2. Academic Validation
  3. Dihydrocapsaicin attenuates oxidative stress and apoptosis in acute myocardial infarction via promoting Raf-1/ASK1 complex formation

Dihydrocapsaicin attenuates oxidative stress and apoptosis in acute myocardial infarction via promoting Raf-1/ASK1 complex formation

  • Phytomedicine. 2025 Oct:146:157126. doi: 10.1016/j.phymed.2025.157126.
Yanmin Chen 1 Jiaying Yu 2 Hualing He 1 Wencai Xu 1 Binghua Yi 1 Xingyu Lin 1 Qiulu Yu 1 Zhonghao Lin 1 Jiafeng Lin 1 Cong Lin 3 Chenchen Cai 4 Kaiyu Huang 5
Affiliations

Affiliations

  • 1 Department of Cardiology, Key Laboratory of Panvascular Diseases of Wenzhou, The Second Affiliated Hospital and Yuying Children's Hospital of Wenzhou Medical University, Wenzhou, Zhejiang, PR China.
  • 2 Department of Cardiology, The Second Affiliated Hospital, School of Medicine, Zhejiang University, Hangzhou, Zhejiang, PR China.
  • 3 Department of Cardiology, Key Laboratory of Panvascular Diseases of Wenzhou, The Second Affiliated Hospital and Yuying Children's Hospital of Wenzhou Medical University, Wenzhou, Zhejiang, PR China. Electronic address: lincong0577@aliyun.com.
  • 4 Department of Physical Medicine and Rehabilitation, the Second Affiliated Hospital and Yuying Children's Hospital of Wenzhou Medical University, Wenzhou, Zhejiang, PR China. Electronic address: 219096@wzhealth.com.
  • 5 Department of Cardiology, Key Laboratory of Panvascular Diseases of Wenzhou, The Second Affiliated Hospital and Yuying Children's Hospital of Wenzhou Medical University, Wenzhou, Zhejiang, PR China. Electronic address: hky@wmu.edu.cn.
PMID: 40768809 DOI: 10.1016/j.phymed.2025.157126
Abstract

Background: Acute myocardial infarction (MI) remains a leading cause of morbidity and mortality worldwide. Dihydrocapsaicin (DHC), a natural antioxidant derived from Plants, has demonstrated pharmacological effects in various diseases. However, its research in the cardiovascular field remains relatively limited.
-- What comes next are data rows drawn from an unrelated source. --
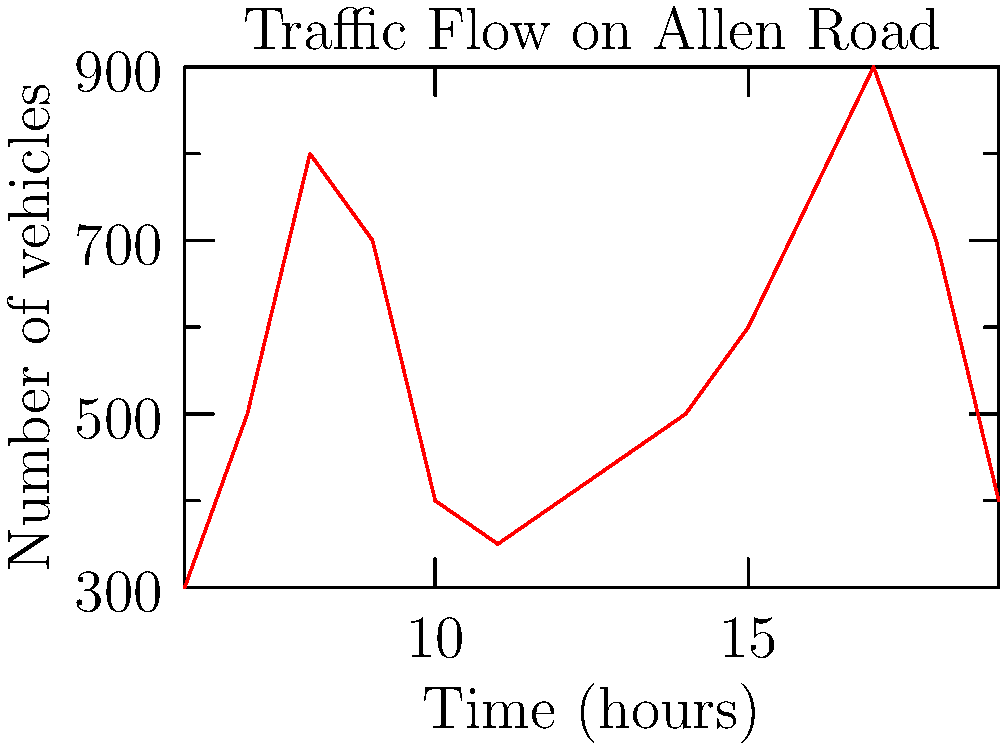Based on the traffic flow graph for Allen Road, during which hour does the evening rush hour peak occur? To determine the evening rush hour peak on Allen Road:

1. Identify the time range for evening hours (typically after 3 PM or 15:00).
2. Locate the highest point on the graph within this time range.
3. Find the corresponding time (x-axis) for this peak.

Steps:
1. Evening hours start from 15:00 (3 PM) onwards.
2. Examining the graph from 15:00, we see the traffic flow increasing.
3. The highest point in the evening occurs at 17:00 (5 PM).
4. After 17:00, the traffic flow starts to decrease.

Therefore, the evening rush hour peak occurs at 17:00 (5 PM).
Answer: 17:00 (5 PM) 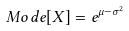Convert formula to latex. <formula><loc_0><loc_0><loc_500><loc_500>M o d e [ X ] = e ^ { \mu - \sigma ^ { 2 } }</formula> 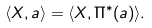<formula> <loc_0><loc_0><loc_500><loc_500>\langle X , a \rangle = \langle X , \Pi ^ { * } ( a ) \rangle .</formula> 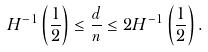<formula> <loc_0><loc_0><loc_500><loc_500>H ^ { - 1 } \left ( \frac { 1 } { 2 } \right ) \leq \frac { d } { n } \leq 2 H ^ { - 1 } \left ( \frac { 1 } { 2 } \right ) .</formula>

Purpose: This study aimed to explore the anti-oxidative and anti-apoptotic effects of DHC on MI and its underlying mechanisms.

Methods: The MI model was established by left coronary artery ligation. In vitro, the H9c2 cardiomyocyte injury model was established via oxygen-glucose deprivation (OGD). Myocardial injury was assessed by echocardiography, infarct size, histopathological changes, and serological testing. TUNEL assay, Annexin V/PI staining assay, DHE, DCFH-DA staining and western blot analysis were used to validate cell Apoptosis and oxidative stress level. The target of DHC was investigated using immunofluorescence, biotin pull-down assays, molecular docking, molecular dynamics simulations, cellular thermal shift assays (CETSA), and drug affinity responsive target stability (DARTS). Subsequently, the molecular mechanism of the interaction between Raf-1/ASK1 complex and DHC was investigated. Moreover, Raf-1 silencing or ASK1 overexpression H9c2 cardiomyocytes were used for further validation.

Results: DHC was found to exert anti-oxidative and anti-apoptotic effects, attenuating cardiac dysfunction and injury in the MI model and protecting against OGD-induced injury in H9c2 cardiomyocytes. Mechanistically, Raf-1 was identified as a direct target of DHC. The protection of DHC against superoxide production and apoptotic cell death was compromised with Raf-1 silencing. Additionally, we found that DHC enhance the interaction between Raf-1 and ASK1, inhibiting the activation of the p-ASK1/p-JNK/p-P38 signaling pathway during OGD insult. The overexpression of ASK1 abolished the above protective effects of DHC.

Conclusion: Our results demonstrated that DHC may serve as a promising therapeutic agent for attenuating cardiac dysfunction after MI by alleviating oxidative stress and Apoptosis.

Keywords

Acute Myocardial Infarction; Apoptosis; Dihydrocapsaicin; Oxidative Stress; Raf-1/ASK1 Complex.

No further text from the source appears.